8 марта, зараза! (СИ) - Страница 8
А ведь скоро — если не стану дурить и пытаться взбрыкнуть, отказаться от помощи — мы станем мужем и женой. И мне будет сколько угодно позволено не только думать о нём в таком ключе, но и…
Интересно, а в постели он такой же — жёсткий и ледяной? Или под этой толщей льда кипит лава?
Я загадываю: пусть будет жестковатый и горячий.
Густо краснею. Зато мысли с обидных переползают на фривольные. Это приподнимает мне настроение.
Вспоминанию, что Людмила Васильевна просила меня разморозить Асхадова. Значит, шанс есть. И я постараюсь сделать всё, чтобы им воспользоваться.
И я таки поднимаюсь и открываю шкаф. Вещей действительно много. Притом рассортированы сразу комплектами с аксессуарами и обувью. Всё очень дорого, респектабельно и не по-моему.
Снова помощь — но на чужих условиях. И принимая их — раз за разом — не потеряю ли я личность? Не стану ли действительно вещью — без собственного мнения, гордости, права голоса?
В конце концов, Асхадов пока ещё меня не купил, потому что не заплатил Ржавому ни копейки. Да и я уверена — несмотря на все его высокопарные фразы о том, что долги всегда надо платить — платить он ничего не собирается.
Но мне сейчас реально интересно взглянуть в глаза этому Ржавому и высказать ему всё.

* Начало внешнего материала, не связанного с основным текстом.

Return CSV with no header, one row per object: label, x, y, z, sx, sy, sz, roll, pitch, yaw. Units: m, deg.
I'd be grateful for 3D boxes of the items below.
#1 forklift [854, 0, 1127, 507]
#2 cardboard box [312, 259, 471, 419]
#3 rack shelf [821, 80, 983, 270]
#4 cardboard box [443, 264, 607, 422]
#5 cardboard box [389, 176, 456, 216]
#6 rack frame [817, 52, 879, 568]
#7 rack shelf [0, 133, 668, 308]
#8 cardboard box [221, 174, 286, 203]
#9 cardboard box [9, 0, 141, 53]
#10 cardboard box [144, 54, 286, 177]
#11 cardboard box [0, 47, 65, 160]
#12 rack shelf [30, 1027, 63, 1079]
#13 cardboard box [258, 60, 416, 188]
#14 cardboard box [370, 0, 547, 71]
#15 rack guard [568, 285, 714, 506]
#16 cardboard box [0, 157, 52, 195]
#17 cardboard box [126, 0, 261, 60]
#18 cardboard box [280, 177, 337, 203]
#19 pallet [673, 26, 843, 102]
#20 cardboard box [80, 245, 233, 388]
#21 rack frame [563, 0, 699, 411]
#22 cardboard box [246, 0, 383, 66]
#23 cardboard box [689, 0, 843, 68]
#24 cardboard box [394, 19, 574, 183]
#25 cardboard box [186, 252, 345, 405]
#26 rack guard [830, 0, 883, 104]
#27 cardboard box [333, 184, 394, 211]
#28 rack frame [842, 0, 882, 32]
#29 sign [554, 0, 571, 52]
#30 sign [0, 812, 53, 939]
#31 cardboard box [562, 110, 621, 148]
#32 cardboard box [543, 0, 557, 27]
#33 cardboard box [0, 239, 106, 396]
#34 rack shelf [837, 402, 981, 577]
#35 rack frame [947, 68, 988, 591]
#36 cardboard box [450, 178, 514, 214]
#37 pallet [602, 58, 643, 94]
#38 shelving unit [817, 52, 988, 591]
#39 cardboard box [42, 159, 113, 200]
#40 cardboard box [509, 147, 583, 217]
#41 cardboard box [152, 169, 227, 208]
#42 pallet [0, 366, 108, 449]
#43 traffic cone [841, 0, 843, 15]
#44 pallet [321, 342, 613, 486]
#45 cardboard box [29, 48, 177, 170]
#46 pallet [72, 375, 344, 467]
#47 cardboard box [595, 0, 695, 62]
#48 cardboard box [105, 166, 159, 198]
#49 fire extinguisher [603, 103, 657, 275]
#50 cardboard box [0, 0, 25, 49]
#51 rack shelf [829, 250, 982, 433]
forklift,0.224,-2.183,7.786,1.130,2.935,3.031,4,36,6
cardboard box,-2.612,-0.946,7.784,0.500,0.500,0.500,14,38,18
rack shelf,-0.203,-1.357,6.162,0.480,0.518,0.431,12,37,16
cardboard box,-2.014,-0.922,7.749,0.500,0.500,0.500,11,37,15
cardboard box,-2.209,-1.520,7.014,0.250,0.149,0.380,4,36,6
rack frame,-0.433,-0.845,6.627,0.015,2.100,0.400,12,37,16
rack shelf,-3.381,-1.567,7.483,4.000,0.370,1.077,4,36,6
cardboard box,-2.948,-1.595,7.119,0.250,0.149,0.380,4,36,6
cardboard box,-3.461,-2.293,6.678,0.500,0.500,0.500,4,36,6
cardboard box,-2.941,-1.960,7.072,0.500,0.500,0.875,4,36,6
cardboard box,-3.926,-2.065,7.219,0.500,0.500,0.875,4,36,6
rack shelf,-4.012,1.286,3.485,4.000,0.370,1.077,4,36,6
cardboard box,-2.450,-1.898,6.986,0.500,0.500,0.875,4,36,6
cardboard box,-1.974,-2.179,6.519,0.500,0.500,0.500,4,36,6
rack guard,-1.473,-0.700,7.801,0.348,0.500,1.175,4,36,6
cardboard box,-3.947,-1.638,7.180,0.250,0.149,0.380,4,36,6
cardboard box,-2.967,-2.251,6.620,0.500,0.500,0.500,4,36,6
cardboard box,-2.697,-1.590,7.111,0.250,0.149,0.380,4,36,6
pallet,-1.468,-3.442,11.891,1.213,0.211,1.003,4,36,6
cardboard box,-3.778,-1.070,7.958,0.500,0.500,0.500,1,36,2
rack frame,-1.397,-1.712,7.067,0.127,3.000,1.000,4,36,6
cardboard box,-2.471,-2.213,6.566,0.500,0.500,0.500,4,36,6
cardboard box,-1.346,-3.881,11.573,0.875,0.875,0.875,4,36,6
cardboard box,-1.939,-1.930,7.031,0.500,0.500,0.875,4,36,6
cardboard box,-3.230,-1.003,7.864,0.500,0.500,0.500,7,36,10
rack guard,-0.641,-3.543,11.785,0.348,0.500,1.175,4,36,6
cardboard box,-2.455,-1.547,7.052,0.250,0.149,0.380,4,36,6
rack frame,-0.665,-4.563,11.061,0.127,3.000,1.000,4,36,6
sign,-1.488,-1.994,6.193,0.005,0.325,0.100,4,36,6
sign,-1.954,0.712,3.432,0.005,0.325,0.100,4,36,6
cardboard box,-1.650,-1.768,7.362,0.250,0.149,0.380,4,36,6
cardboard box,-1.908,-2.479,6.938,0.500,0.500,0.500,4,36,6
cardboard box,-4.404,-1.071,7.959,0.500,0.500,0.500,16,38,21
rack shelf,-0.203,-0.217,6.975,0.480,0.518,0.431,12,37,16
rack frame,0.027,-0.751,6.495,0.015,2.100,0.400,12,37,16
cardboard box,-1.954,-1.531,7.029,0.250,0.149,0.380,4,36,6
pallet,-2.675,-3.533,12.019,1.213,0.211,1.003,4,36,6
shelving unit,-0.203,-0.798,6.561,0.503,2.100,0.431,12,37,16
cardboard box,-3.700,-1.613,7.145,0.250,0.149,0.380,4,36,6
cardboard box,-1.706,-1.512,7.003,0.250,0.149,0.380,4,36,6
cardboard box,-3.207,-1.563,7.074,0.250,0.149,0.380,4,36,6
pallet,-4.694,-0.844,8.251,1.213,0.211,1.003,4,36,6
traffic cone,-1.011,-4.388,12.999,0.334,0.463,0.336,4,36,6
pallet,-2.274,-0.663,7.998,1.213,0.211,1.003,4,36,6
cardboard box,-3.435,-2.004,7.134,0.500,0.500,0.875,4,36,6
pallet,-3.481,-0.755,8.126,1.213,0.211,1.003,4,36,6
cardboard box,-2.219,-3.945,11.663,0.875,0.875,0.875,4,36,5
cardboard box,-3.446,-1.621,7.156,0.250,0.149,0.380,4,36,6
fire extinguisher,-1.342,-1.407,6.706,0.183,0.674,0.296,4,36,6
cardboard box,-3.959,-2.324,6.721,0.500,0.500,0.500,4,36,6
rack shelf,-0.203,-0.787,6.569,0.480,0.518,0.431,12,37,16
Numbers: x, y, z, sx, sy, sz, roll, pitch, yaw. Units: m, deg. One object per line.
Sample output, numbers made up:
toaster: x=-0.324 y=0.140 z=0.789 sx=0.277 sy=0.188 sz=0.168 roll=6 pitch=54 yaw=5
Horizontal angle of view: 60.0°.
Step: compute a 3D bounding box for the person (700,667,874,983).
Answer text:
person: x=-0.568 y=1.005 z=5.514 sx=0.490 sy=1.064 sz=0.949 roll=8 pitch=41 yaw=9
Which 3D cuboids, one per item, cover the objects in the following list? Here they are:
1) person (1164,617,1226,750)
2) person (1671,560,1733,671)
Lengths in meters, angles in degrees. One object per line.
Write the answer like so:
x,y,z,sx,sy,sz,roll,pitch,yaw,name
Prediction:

А потом — будем разбираться с Асхадовым.
Я выбираю скромные узкие джинсы, бледно-розовую блузку и лёгкие туфельки-балетки. Это всё более-менее подходит мне по стилю. Откладываю вещи на кровать и иду в ванну наводить марафет.
В гостиную выхожу ровно к назначенному сроку.
Асхадов стоит и смотрит на часы. Реально засекал время? И реально выволок бы в том, в чём нашёл? Почему-то я в этом даже не сомневаюсь.
Мой внешний вид он оценивает коротким замечанием:
— Ну, хоть так. — И пропускает вперёд.
Сам же он одет, как всегда, идеально. Только разве что костюм сменил на более светлый. И галстук подобрал… мятный. Под цвет своих удивительных глаз.
Или потому, что я выбрала свадебный декор в этом оттенке?
Будь я поэтом, начала бы стихотворение о нём так:
Его глаза — цвета мяты,
В его голосе — арктический лёд…
Но я не поэт. И с рифмами у меня туго.
…В этот раз, когда мы выходим, нас ждёт машина с водителем.
И это лучше. Асхадов садится на пассажирское кресло вперёд. А я забираюсь одна назад.
Сейчас мне не хочется сидеть с ним рядом. Я не знаю, как на него реагировать. Не понимаю, какая ему выгода и корысть. В том, что подобные люди ничего не делают бескорыстно, можно быть уверенной на сто процентов.
Понять бы, зачем я ему? Почему он передумал и вернулся за мной? Предположить внезапно вспыхнувшие чувства у человека-калькулятора — несусветная глупость.
Мы подъезжаем к довольно уютному ресторанчику. Не думала, что Асхадов посещает такие места.
Ему по статусу положено что-то фешенебельное, со звёздами Мишлена.
Идём к двери.
Рядом.
Не касаясь.
Дверь он галантно приоткрывает и пропускает меня вперёд.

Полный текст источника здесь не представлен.